Exercise aim: Everything from the line containing "14. plastic barrel <box>351,0,393,21</box>" through the line containing "18. rack shelf <box>935,381,1242,623</box>" should be repeated exactly, and nothing else from the data.

### Input records

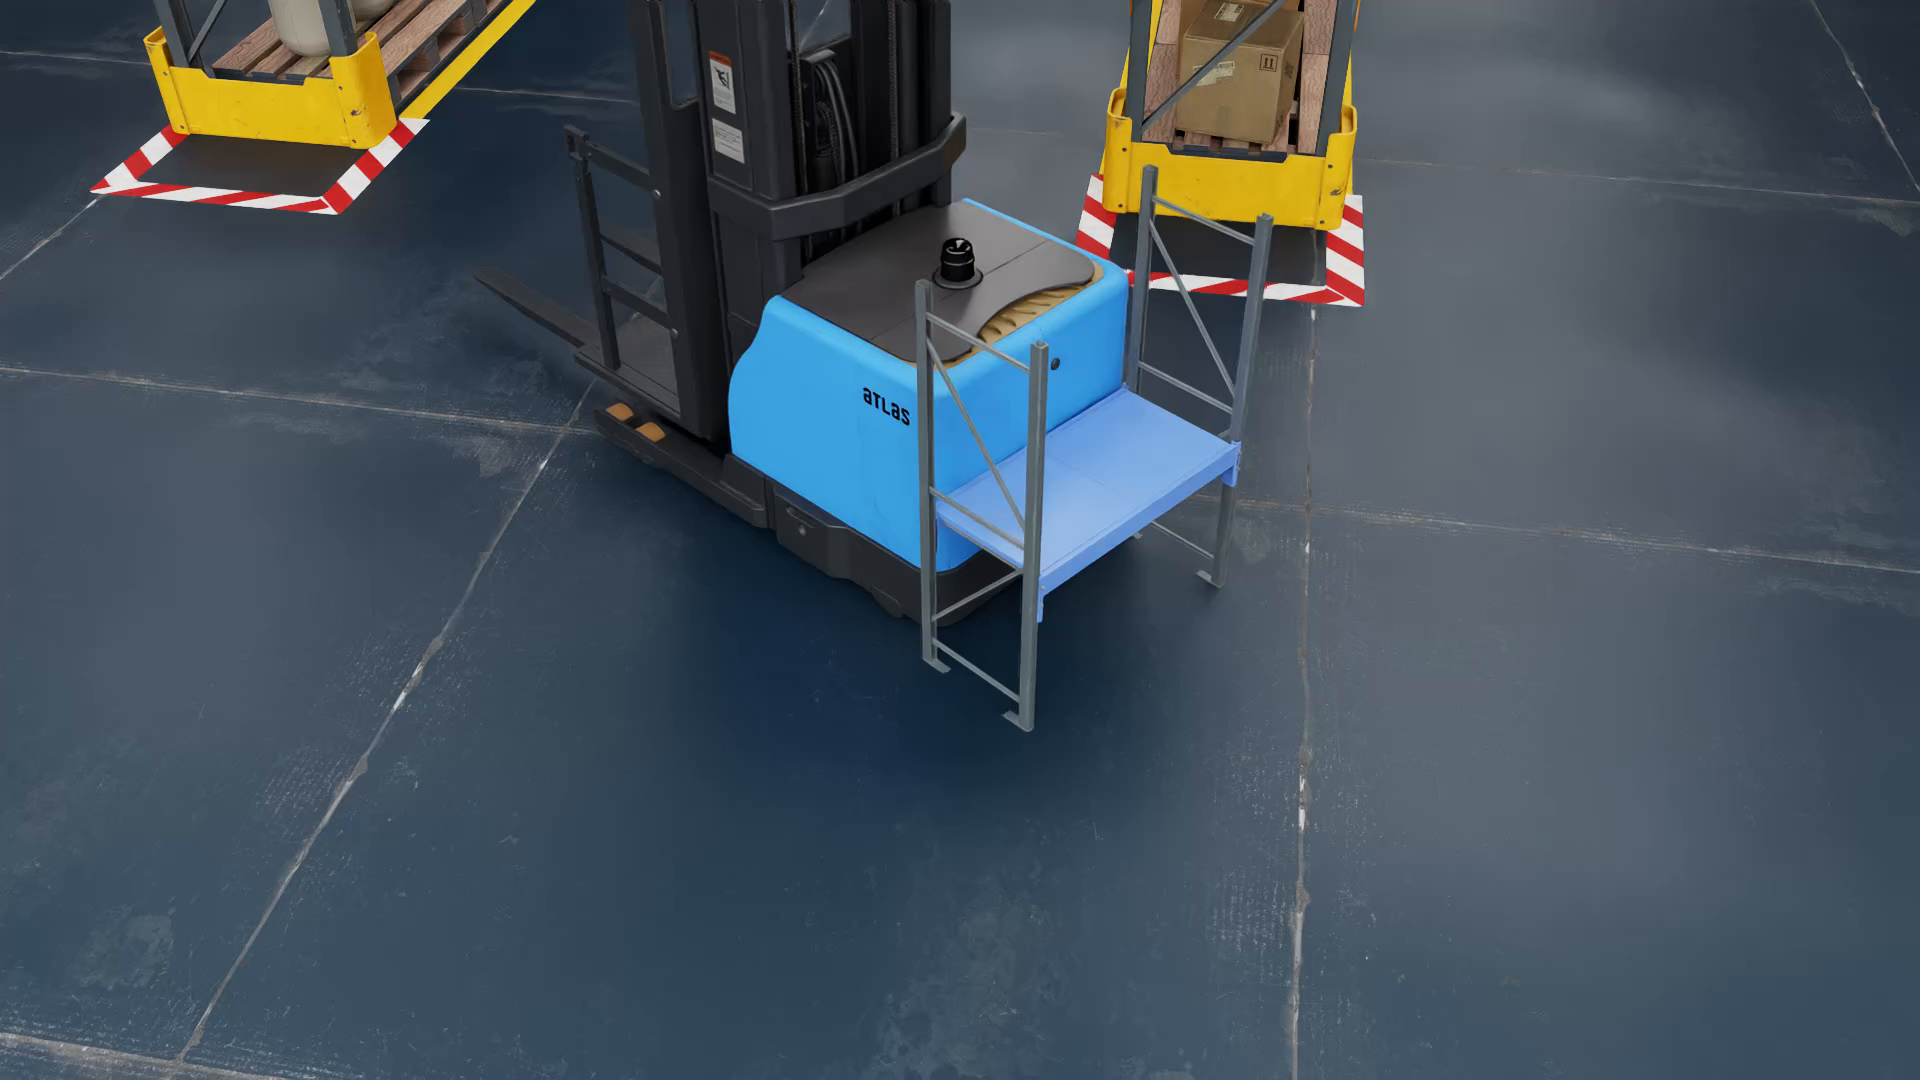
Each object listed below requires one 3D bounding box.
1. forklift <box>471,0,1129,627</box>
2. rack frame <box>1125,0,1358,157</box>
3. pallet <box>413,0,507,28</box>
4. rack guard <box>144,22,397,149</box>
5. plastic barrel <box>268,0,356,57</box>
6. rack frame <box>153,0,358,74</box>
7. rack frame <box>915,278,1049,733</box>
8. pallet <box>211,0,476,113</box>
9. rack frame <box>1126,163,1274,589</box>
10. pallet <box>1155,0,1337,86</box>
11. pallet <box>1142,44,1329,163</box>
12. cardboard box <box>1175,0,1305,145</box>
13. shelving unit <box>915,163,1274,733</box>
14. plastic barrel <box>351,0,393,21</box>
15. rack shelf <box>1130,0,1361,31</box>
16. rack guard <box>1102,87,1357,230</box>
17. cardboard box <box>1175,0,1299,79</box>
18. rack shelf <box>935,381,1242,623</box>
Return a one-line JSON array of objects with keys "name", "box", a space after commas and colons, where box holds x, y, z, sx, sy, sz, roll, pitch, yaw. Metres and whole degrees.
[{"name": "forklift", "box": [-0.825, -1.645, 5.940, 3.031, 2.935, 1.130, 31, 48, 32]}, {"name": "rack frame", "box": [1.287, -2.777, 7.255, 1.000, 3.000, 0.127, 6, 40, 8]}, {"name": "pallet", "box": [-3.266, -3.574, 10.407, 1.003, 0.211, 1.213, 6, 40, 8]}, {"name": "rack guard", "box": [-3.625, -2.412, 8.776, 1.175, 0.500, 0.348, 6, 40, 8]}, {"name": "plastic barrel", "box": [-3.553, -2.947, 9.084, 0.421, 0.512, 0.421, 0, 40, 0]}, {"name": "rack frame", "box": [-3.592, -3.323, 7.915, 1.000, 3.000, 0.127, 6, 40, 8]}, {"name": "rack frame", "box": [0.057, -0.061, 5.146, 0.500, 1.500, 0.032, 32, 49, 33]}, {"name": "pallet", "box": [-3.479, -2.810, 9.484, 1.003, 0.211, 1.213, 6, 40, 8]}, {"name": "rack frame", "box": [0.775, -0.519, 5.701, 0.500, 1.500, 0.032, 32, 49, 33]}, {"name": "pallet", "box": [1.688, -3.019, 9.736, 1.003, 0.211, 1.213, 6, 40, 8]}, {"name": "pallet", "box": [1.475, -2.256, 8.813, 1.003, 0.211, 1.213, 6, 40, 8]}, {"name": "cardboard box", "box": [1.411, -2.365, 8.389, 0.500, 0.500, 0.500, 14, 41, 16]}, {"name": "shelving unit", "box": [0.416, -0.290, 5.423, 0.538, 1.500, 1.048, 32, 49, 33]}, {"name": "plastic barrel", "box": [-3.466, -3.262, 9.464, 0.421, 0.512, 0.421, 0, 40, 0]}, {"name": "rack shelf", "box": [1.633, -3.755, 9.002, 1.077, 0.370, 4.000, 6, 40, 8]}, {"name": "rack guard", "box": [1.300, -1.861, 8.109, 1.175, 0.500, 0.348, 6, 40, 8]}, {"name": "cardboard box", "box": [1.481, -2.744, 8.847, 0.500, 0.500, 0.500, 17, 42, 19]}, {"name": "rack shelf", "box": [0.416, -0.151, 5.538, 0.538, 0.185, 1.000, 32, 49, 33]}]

######

Reply to the task:
14. plastic barrel <box>351,0,393,21</box>
15. rack shelf <box>1130,0,1361,31</box>
16. rack guard <box>1102,87,1357,230</box>
17. cardboard box <box>1175,0,1299,79</box>
18. rack shelf <box>935,381,1242,623</box>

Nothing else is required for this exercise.